Most freelancers price their work by the hour, which caps their income at the number of hours they can work. Value-based pricing breaks that ceiling by tying your fee to the outcome you deliver rather than the time you invest. This calculator helps you make the shift.

Quick Mode

Enter the total value your work will create for the client (revenue generated, cost saved, or time recovered), choose your value share percentage (typically 10-25%), and estimate the hours to complete the project. The calculator shows your value-based price, effective hourly rate, and how it compares to traditional hourly billing.

Advanced Mode

Switch to Advanced to enter your standard hourly rate for a direct comparison, add revision rounds and scope buffer to estimate total hours more accurately, and set a confidence level that discounts the price based on how certain you are about the value outcome. Lower confidence means a lower price to reduce client risk.

The Comparison

The most important insight is the premium over hourly billing. If your value-based price is significantly higher than your hourly rate multiplied by hours, you've found a project where value pricing benefits you. If it's lower, hourly billing may be the better choice for that particular project.

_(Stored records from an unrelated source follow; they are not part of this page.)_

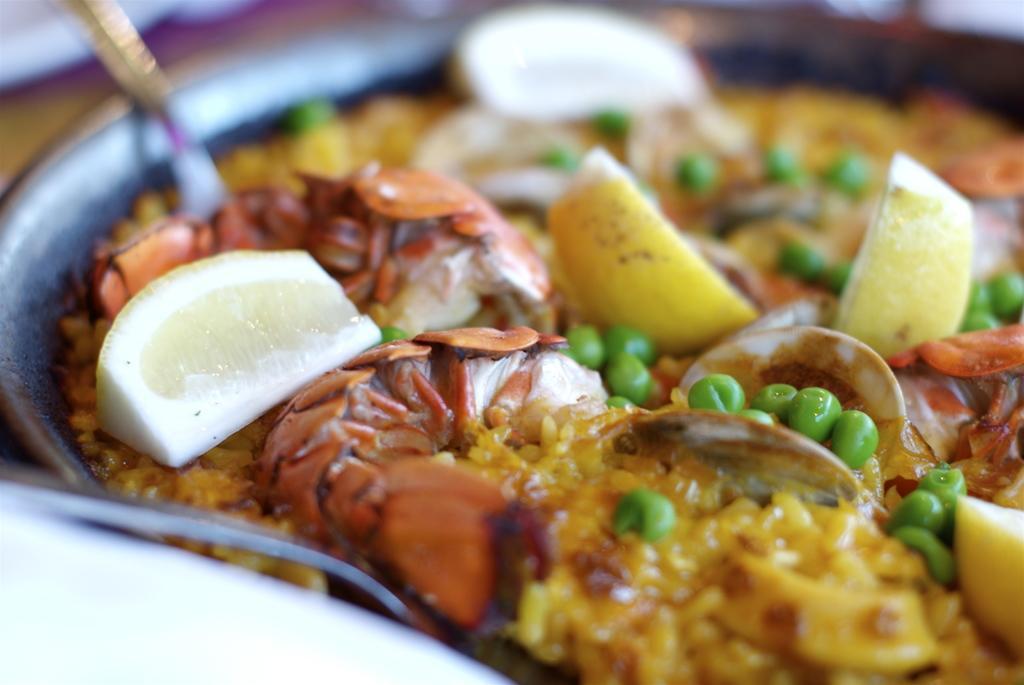Could you give a brief overview of what you see in this image? In this image we can see food item and a spoon in a plate and there are lemon slices on the food item and at the top and on the left side the image is blur but we can see objects. 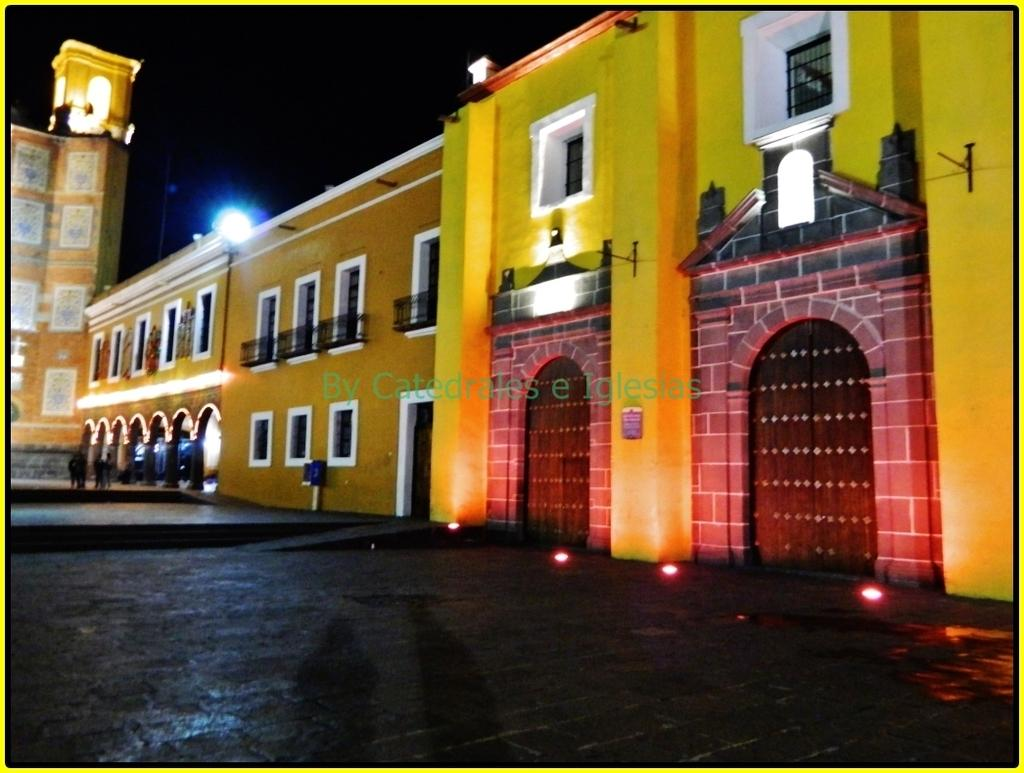What type of structures can be seen in the image? There are buildings in the image. What are the people in the image doing? People are walking in the image. What can be seen illuminating the scene in the image? There are lights visible in the image. What is the appearance of the sky in the background of the image? The sky in the background of the image is dark. Can you see any nuts being cracked by ants in the image? There are no nuts or ants present in the image. Is there a boat visible in the image? There is no boat present in the image. 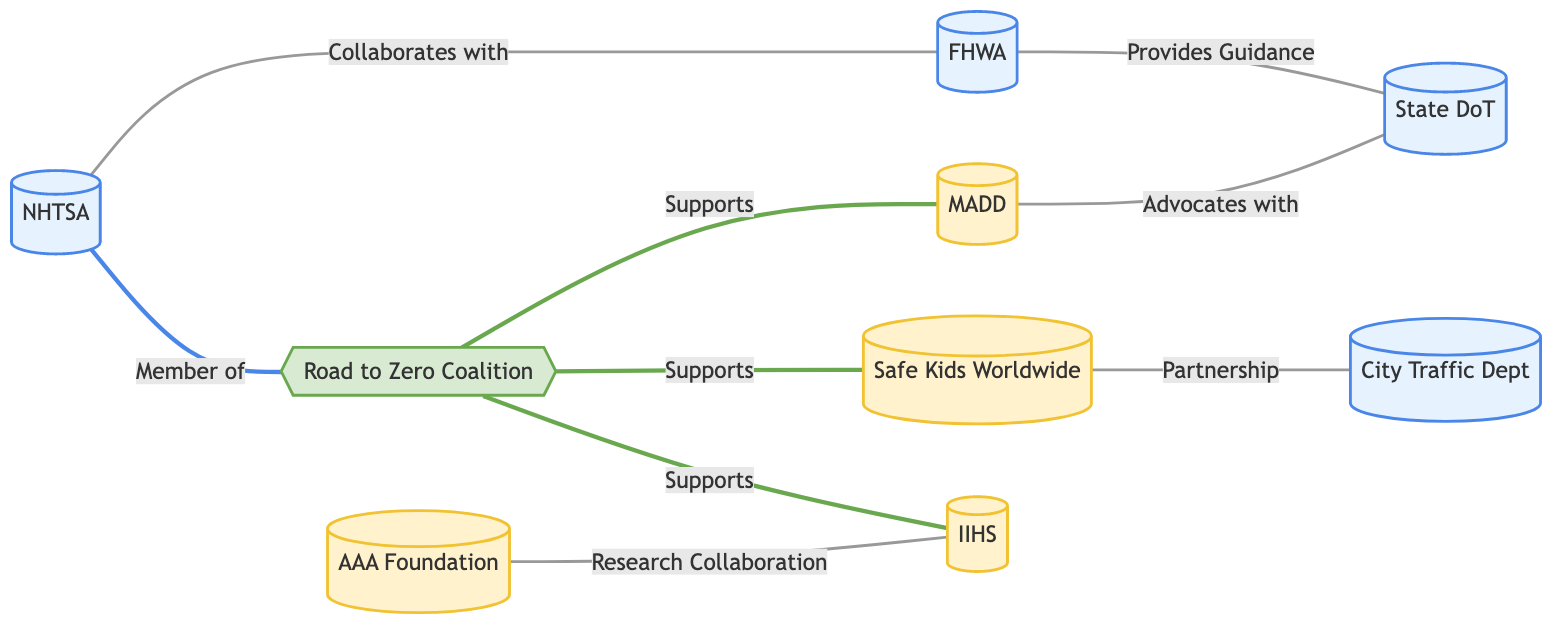What organization collaborates with the NHTSA? The diagram shows a connection between NHTSA (node 1) and FHWA (node 2), indicating a collaboration.
Answer: FHWA What type of organization is the Road to Zero Coalition? The Road to Zero Coalition is represented as a coalition in the diagram, as denoted by its grouping and style.
Answer: Coalition How many nodes are represented in the diagram? By counting the nodes listed in the data provided, there are a total of 9 unique organizations represented.
Answer: 9 What relationship does MADD have with the State Department of Transportation? MADD advocates with the State Department of Transportation, as indicated by the connecting edge labeled "Advocates with."
Answer: Advocates with Which organization supports both Safe Kids Worldwide and IIHS? The Road to Zero Coalition is identified as supporting both Safe Kids Worldwide (node 4) and IIHS (node 8).
Answer: Road to Zero Coalition How many relationships does the NHTSA have in the diagram? The NHTSA has two explicit relationships in the diagram - collaborating with FHWA and being a member of the Road to Zero Coalition.
Answer: 2 Which organization has a research collaboration with the Insurance Institute for Highway Safety? The diagram shows that the AAA Foundation for Traffic Safety has a research collaboration with IIHS, as indicated by the labeled edge.
Answer: AAA Foundation for Traffic Safety What connection exists between the Federal Highway Administration and the State Department of Transportation? The diagram indicates that the Federal Highway Administration provides guidance to the State Department of Transportation, denoted by the labeled edge connecting the two.
Answer: Provides Guidance Which organization has partnerships with local government traffic departments? Safe Kids Worldwide has a partnership with the City Traffic Department, as shown by the connection labeled "Partnership."
Answer: Safe Kids Worldwide

Having the Value Conversation

The key to value-based pricing is the discovery phase. Before quoting a price, ask clients about their expected ROI, current pain points, and what success looks like. Frame your price as a percentage of their expected return — "I'm asking for 15% of the value I'll create" is a much stronger pitch than "I charge $150/hour." Start with lower value-share percentages as you build case studies, then increase as you can point to proven results.